Rédigé par par Philippe Nieuwbourg le 23 Octobre 2008



Business et Decision
Business et Decision
Moins de 80 millions d'euros ! Non, ce n'est pas la valeur d'une SSII moyenne dans notre marché de l'informatique décisionnelle, mais la capitalisation boursière totale des cinq principales sociétés de services spécialisées cotées à la bourse de Paris ! Moins de 80 millions d'euros, c'est la valeur cumulée de Business et Decision, Micropole-Univers, Umanis, Keyrus et Homsys. Introduites sur le marché lors des périodes euphoriques, la cotation des SSII spécialisée trinque depuis plusieurs années. Inutile de mettre cela sur le dos de la crise financière, elle n'a pas arrangé les affaires de leurs actionnaires, mais la tendance est plus lourde.
Patrick Bensabat, Laurent Piepszownik, Eric Cohen, Christian Poyau, Yannick Gonneau, regrettent-ils aujourd'hui d'avoir succombé aux sirènes de la bourse ?

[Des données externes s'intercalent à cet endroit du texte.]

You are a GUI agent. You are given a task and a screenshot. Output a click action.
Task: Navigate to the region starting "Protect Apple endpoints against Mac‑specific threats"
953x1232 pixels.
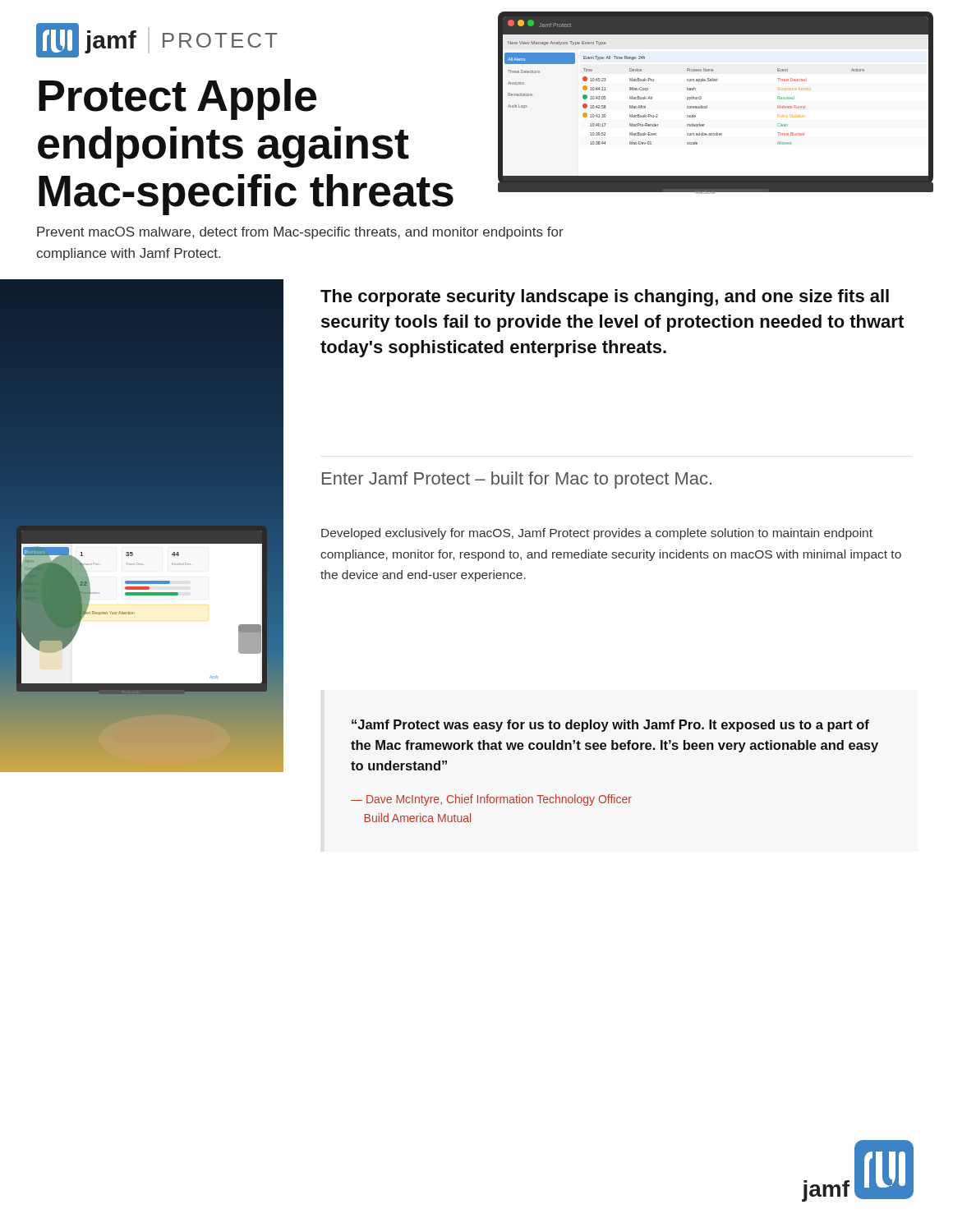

Une faible valorisation qui s'explique en grande partie par le faible niveau de résultat dégagé par les cinq sociétés de notre panel. Bien que réalisant au total en 2007 plus de 472 millions d'euros de chiffre d'affaires, nos cinq sociétés spécialisées ne sont parvenues au total à dégager que 10,64 millions d'euros de résultat net. Une très faible rentabilité de 2,25 % qui de plus cache des disparités importantes. Le ratio résultat net / chiffre d'affaires est en effet de 3,42 % pour Homsys et Business & Decision, alors qu'il s'établit à 2,17 % pour Micropole-Univers, 1,17 % pour Umanis, et n'est que de 0,62 % pour Keyrus.

Les valorisations boursières de ces sociétés cotées s'en ressentent directement puisque à ce jour, la plus importante est Business & Decision qui représente plus de 40 % de la valeur totale de notre panel, à 33,28 millions d'euros. Micropole-Univers vaut 18,05 millions d'euros, et en bas du tableau, Umanis est valorisé à 9,85 millions, Homsys à 9,70 millions et Keyrus ne "vaut" que 8,37 millions d'euros.
Les PER (ratio entre la capitalisation boursière et le résultat) peuvent également être comparés. Seule Business & Decision semble sous-valorisée avec un PER de 4,82. Les quatre autres évoluent avec un PER important, entre 10 et 15 ans.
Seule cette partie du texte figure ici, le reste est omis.